§ **Your goal**: Scan the material and copy every line in which "horizontal" appears.
___ Supplied data
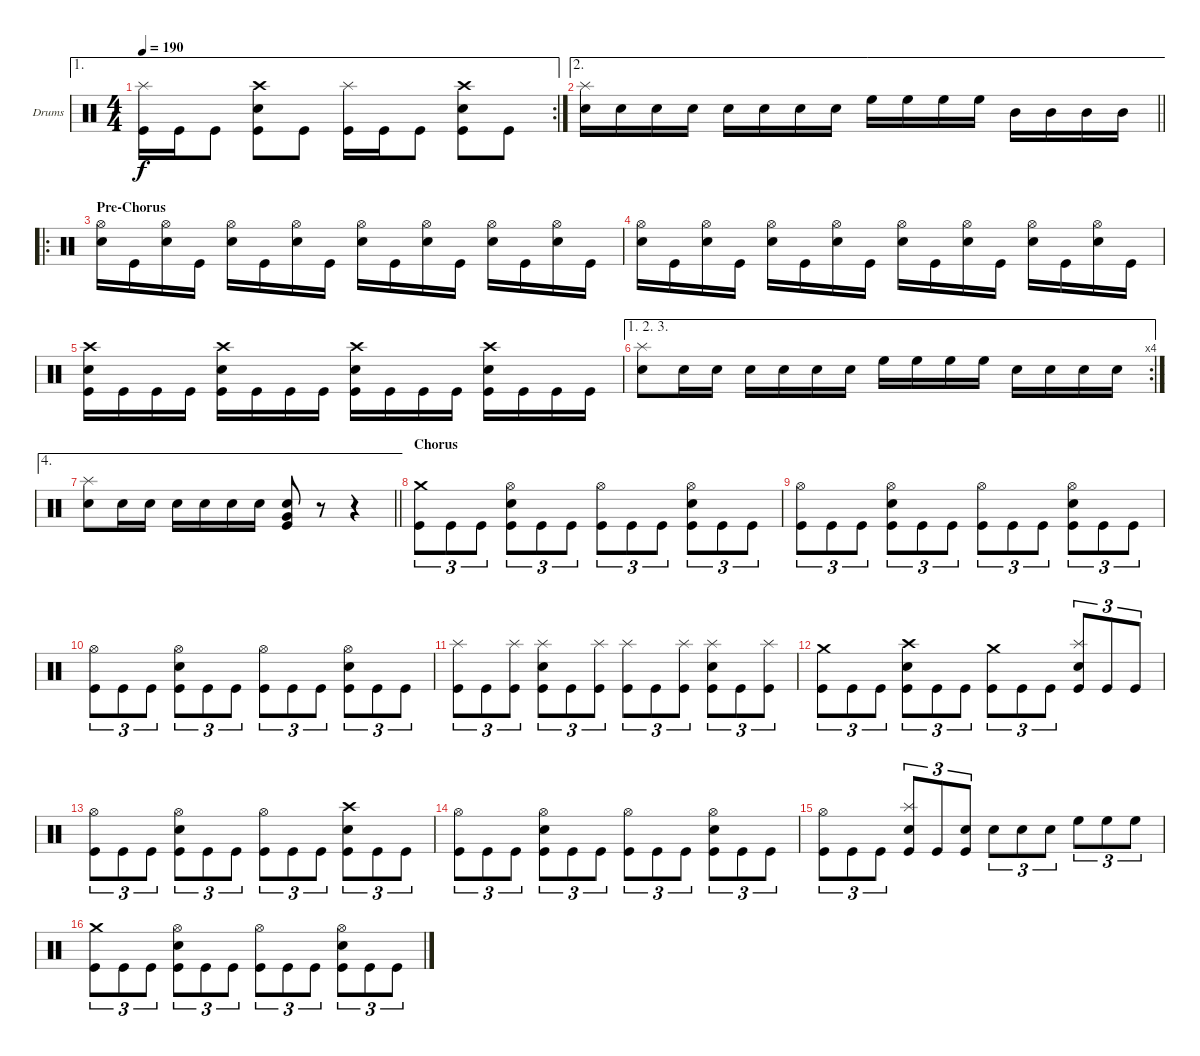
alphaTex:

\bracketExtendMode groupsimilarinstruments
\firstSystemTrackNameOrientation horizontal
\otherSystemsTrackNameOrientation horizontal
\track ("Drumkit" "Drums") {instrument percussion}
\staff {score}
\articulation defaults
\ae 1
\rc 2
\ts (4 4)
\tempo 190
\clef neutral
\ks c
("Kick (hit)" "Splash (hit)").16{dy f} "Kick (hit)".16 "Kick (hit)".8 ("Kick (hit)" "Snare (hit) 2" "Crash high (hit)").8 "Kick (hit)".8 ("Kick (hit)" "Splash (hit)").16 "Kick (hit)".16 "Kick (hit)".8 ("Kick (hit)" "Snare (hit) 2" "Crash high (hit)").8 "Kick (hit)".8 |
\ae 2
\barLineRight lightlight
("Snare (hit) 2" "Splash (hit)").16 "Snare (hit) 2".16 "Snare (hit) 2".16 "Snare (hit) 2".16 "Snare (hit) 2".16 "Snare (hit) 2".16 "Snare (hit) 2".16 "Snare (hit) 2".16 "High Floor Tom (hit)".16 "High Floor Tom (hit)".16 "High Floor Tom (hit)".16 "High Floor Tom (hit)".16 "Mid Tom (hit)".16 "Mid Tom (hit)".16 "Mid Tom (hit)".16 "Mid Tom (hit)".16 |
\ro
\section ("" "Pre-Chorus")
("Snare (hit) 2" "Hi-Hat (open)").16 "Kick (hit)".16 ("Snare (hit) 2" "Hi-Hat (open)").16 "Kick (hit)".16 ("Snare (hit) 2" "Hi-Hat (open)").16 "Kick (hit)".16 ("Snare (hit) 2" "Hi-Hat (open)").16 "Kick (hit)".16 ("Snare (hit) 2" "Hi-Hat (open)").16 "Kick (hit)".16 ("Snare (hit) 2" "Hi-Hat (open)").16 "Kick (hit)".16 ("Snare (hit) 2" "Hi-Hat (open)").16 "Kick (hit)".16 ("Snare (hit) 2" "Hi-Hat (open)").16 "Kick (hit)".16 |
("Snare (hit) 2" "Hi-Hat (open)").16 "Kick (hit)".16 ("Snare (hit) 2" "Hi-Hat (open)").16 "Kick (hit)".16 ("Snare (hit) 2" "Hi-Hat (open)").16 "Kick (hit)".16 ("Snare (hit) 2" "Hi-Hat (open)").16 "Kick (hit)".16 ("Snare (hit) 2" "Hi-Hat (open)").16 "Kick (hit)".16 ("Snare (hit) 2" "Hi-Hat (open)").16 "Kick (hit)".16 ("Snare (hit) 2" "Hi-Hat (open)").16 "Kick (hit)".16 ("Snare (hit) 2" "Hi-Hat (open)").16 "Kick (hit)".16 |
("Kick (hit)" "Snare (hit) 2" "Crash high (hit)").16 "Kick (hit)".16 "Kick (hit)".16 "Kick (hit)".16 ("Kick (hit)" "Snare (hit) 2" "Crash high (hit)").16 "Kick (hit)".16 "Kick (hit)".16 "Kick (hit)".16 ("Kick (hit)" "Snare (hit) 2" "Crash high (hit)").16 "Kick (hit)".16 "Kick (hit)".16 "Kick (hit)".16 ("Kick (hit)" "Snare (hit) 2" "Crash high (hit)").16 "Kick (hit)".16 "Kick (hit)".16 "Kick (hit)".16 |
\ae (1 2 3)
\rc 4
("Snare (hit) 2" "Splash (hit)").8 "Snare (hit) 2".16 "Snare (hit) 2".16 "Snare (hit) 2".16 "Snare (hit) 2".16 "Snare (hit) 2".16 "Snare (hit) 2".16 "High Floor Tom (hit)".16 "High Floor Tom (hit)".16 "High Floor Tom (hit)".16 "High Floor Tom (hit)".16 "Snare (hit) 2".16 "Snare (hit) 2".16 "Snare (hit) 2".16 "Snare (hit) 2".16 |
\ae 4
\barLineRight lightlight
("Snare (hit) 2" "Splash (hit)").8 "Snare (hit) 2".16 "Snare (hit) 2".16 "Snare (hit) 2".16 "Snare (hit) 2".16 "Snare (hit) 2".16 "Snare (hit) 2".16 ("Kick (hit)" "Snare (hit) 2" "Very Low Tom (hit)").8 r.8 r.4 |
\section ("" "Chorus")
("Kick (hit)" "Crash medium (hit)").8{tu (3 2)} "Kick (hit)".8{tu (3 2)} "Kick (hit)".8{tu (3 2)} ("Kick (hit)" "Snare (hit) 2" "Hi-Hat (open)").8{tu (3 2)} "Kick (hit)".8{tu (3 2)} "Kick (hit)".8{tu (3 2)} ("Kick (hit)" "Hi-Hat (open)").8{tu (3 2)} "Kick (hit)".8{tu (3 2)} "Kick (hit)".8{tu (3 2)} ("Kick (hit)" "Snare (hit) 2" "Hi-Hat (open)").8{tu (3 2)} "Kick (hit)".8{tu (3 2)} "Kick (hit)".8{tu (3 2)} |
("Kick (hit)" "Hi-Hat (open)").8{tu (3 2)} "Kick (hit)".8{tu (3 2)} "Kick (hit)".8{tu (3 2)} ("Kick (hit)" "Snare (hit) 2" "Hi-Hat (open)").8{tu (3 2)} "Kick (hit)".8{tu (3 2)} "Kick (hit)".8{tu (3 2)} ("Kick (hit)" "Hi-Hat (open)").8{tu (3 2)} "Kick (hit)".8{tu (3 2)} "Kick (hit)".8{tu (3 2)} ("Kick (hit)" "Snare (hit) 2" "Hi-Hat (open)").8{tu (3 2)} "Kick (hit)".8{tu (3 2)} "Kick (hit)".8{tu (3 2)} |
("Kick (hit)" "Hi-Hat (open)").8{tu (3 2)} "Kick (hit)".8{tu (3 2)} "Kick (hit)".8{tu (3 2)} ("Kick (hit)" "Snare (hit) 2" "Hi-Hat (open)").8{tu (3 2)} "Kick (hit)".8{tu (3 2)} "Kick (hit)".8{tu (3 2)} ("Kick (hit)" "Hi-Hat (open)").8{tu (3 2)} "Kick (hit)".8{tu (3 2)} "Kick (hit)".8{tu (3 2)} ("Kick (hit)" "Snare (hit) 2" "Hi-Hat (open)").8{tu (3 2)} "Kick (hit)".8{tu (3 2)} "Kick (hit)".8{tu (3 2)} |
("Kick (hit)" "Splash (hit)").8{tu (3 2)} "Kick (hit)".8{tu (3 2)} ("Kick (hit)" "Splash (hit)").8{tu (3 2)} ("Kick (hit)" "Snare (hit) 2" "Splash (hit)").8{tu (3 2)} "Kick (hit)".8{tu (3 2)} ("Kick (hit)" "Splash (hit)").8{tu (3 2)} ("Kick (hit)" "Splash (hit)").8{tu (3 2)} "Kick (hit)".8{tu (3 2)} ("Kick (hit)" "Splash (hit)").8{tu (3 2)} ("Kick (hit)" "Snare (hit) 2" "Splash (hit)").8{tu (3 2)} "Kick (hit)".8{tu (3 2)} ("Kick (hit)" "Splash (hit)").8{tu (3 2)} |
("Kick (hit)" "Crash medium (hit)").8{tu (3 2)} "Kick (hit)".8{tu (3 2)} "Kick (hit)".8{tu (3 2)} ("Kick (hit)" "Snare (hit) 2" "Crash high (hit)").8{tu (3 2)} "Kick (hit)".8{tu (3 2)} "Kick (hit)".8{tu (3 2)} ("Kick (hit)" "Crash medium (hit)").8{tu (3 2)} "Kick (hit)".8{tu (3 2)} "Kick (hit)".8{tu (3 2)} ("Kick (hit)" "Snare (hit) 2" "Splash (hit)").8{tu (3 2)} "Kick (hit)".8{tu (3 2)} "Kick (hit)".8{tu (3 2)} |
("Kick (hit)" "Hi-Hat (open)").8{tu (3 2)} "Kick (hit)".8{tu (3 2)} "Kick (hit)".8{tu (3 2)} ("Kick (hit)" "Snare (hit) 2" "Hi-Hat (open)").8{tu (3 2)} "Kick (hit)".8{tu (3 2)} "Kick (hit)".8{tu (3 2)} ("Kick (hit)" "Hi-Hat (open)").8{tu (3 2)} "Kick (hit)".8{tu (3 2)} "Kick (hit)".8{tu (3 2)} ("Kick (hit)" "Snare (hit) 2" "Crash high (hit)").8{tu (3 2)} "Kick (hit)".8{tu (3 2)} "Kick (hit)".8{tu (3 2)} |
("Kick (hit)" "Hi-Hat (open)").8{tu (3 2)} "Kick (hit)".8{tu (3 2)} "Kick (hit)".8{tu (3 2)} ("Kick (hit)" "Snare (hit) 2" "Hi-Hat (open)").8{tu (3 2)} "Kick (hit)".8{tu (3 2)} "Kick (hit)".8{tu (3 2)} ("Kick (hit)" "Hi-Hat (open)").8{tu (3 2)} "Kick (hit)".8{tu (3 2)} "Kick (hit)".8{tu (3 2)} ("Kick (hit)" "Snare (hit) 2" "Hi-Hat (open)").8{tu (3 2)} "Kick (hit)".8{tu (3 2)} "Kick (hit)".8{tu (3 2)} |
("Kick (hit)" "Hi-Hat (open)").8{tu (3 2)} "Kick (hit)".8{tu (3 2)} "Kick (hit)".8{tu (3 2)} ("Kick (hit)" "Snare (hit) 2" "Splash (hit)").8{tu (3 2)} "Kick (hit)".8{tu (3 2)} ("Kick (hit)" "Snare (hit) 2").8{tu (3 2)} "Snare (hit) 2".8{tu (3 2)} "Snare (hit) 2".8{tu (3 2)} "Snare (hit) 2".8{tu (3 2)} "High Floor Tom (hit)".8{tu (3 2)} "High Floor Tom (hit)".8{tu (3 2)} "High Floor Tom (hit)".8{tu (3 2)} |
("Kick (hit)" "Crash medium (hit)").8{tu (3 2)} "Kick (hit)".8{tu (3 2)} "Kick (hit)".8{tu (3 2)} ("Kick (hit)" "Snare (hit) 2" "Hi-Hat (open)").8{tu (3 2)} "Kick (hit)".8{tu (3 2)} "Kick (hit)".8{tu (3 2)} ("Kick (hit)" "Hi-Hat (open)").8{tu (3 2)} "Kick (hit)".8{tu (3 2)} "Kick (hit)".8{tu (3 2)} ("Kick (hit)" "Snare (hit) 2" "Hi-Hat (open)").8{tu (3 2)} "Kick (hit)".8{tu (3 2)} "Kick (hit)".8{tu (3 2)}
______
§ **Answer box**:
\firstSystemTrackNameOrientation horizontal
\otherSystemsTrackNameOrientation horizontal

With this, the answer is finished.